# Using the expression of genes on the X-chromosome to predict young or aged cells (2/5 -- preprocessing and model tunning)

## Outline

The **Xgene** workflow consists of three sections:

I. Exploratory data analysis (EDA) (1/5)

II. preprocessing and model tunning (2/5, this notebook):

1. [Data preprocessing with KFold splitting](#1.-prepro)
2. [Model tunning](#2.-tunning)
    - [Lasso](#3.-l1)
    - [Ridge](#4.-l2)
    - [ElasticNet](#5.-eln)
    
    - [Random Forest](#6.-rfc)
    - [Support Vector Machine with rbf kernel](#7.-svc)
    - [XGBoost](#8.-xgbc)
    
    - [K Nearest Neighbor](#9.-knn)
    - [Naive Bayes](#10.-gnb)

III. Model comparison (3/5)

IV. Final model over 50 random states (4/5)

V. Results and intepretations (5/5)

In [1]:
import sys
import scanpy as sc
import anndata
import pandas as pd
import numpy as np
import os

data_type = 'float32'

import matplotlib as mpl
from matplotlib import rcParams
import matplotlib.pyplot as plt
import seaborn as sns

# silence scanpy that prints a lot of warnings
import warnings
warnings.filterwarnings('ignore')

## 1. Data preprocessing <a name="1.-prepro"></a>
### KFold Splitting -- the goal here is *not* to predict the cells from unseen animals.
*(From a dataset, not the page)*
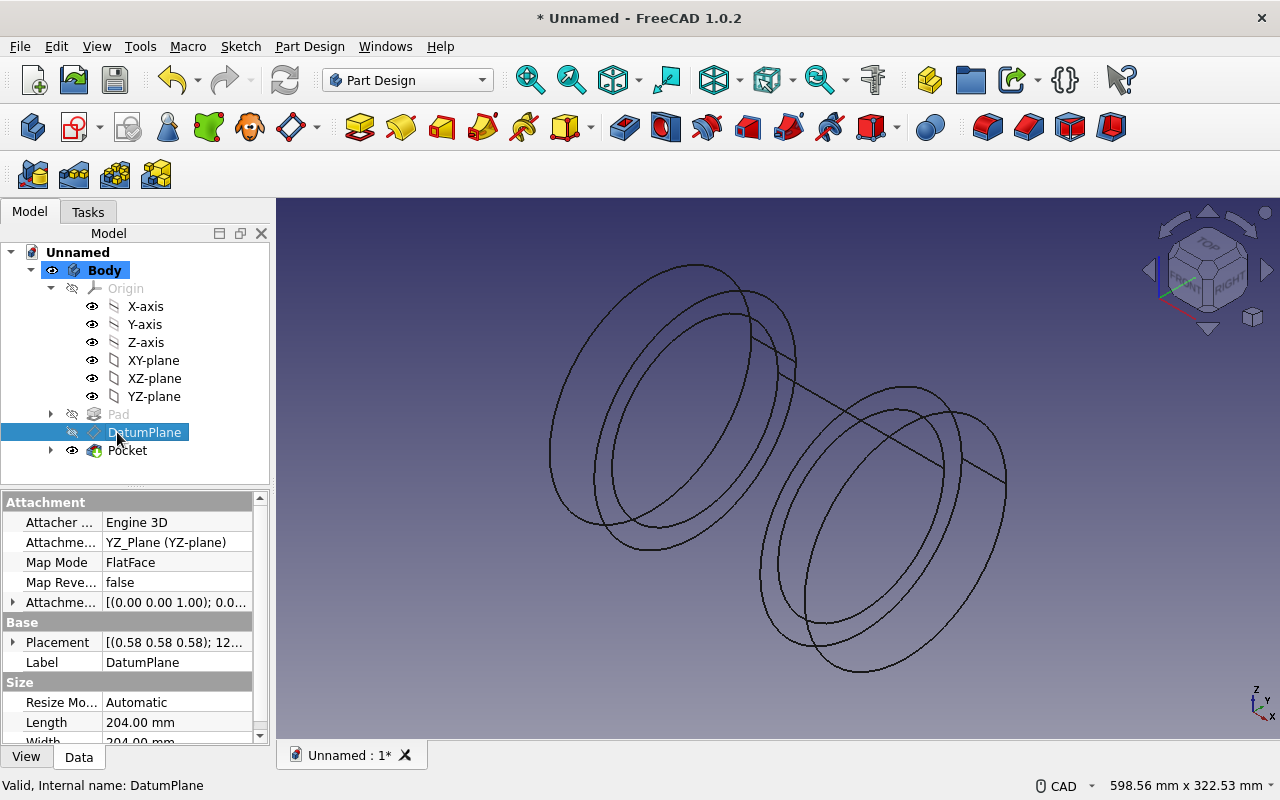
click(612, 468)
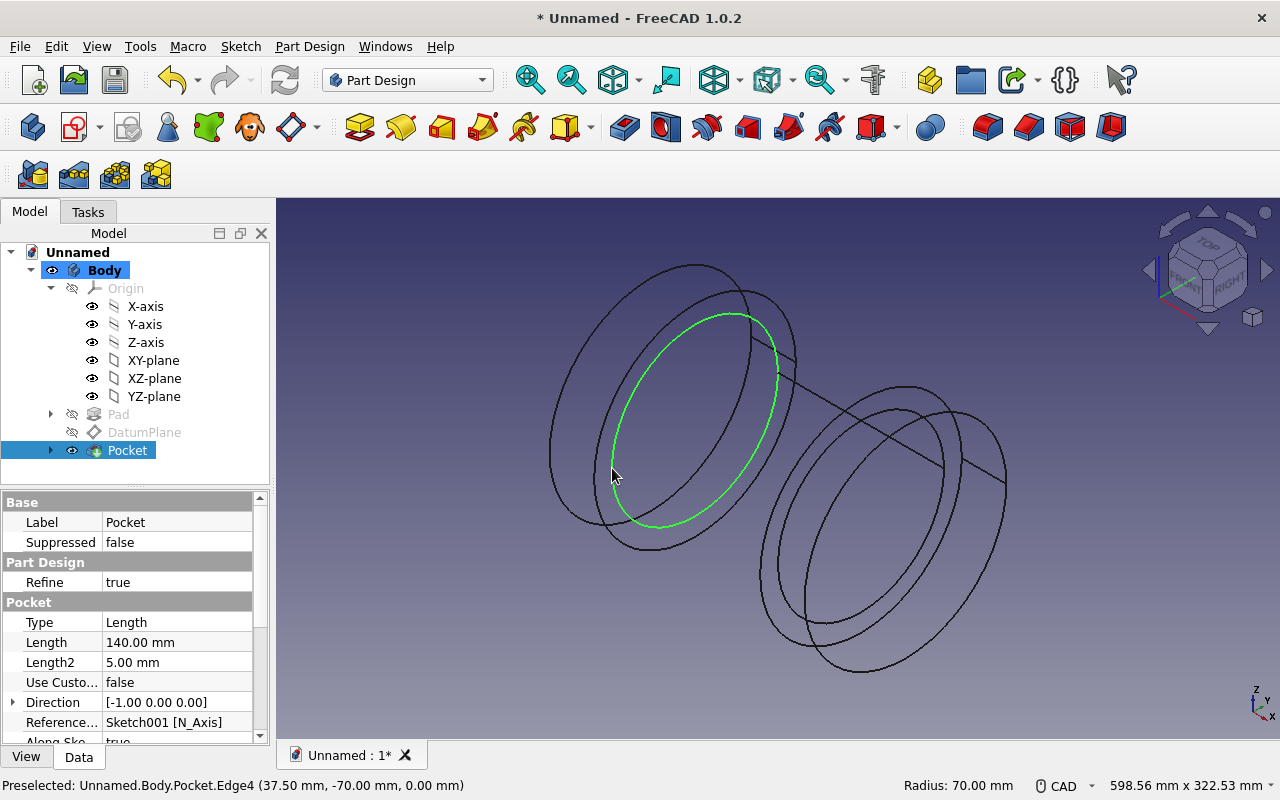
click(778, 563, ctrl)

However, if we are interested in previously unseen animals,  we should use GroupKFold splitting to avoid data leakage.

- how you split the dataset and why: I want to predict whether the cell is young or aged based on the X-chromosome gene expression. So the target variable is 'young' denoted as 0, and 'aged' denoted as 1 in the dataset. The dataset has 8 animals, which is too small for GroupKFold splitting. To clarify, let's predict the cells within the 8 animals for now.
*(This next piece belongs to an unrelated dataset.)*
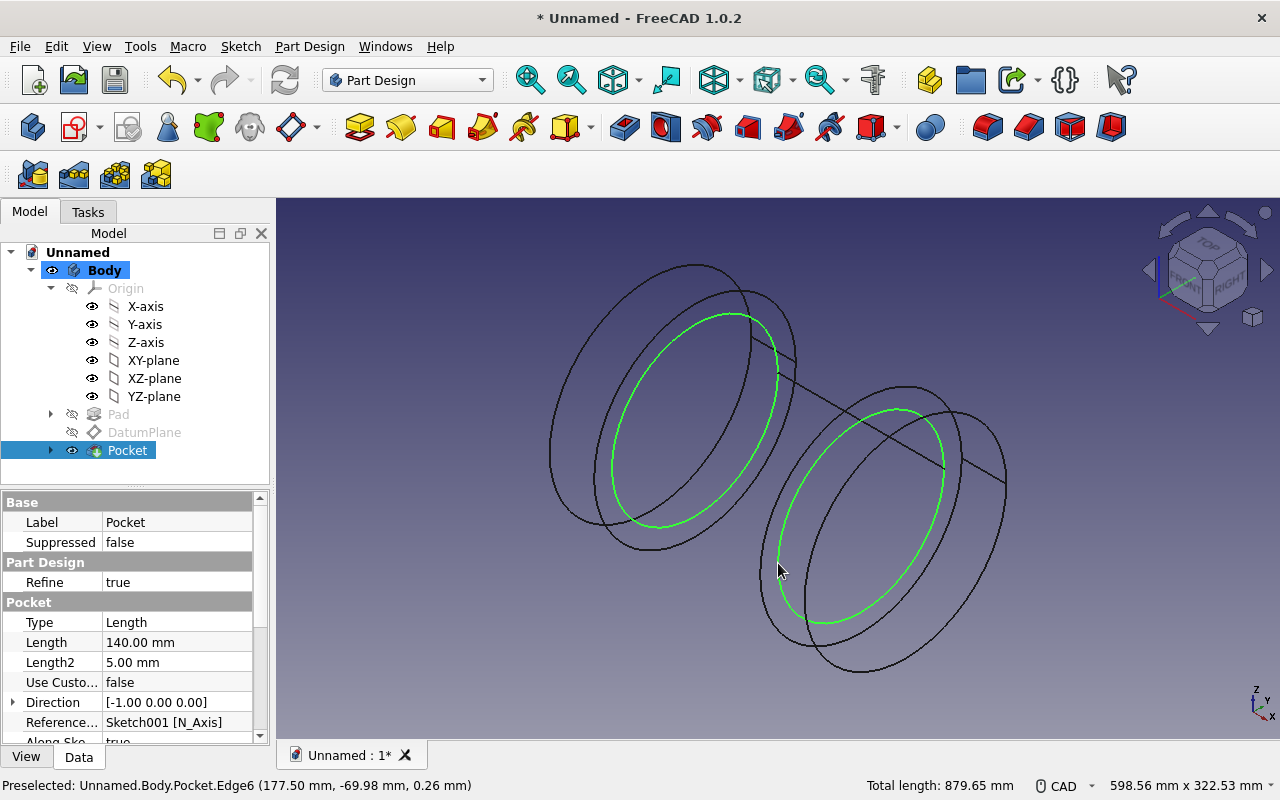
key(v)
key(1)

- Is your dataset IID? Yes. Cells are independent of each other and their features have similar distributions.


- Does it have group structure? No, cells are independent from each other.


- Is it a time-series data? No, it's not.


- How should you split the dataset given your ML question to best mimic future use when you deploy the model? I expect to see a similar uncertainty when the model gets deployed, so I will try to change the random state for several times (10 times) to access how much the random split affects my test result. I will also avoid to use information in validation or test set when deploying the model (only fit_transform the training set).


- StandardScaler on the continuous features (e.g. gene expression). Because based on the histogram, the distribution of the expression is very zero inflated. So StandardScaler should perform better than the MinMaxScaler


- Apply OneHotEncoder on categorical features (cell types/ tree.ident). Because the category is not ordinal.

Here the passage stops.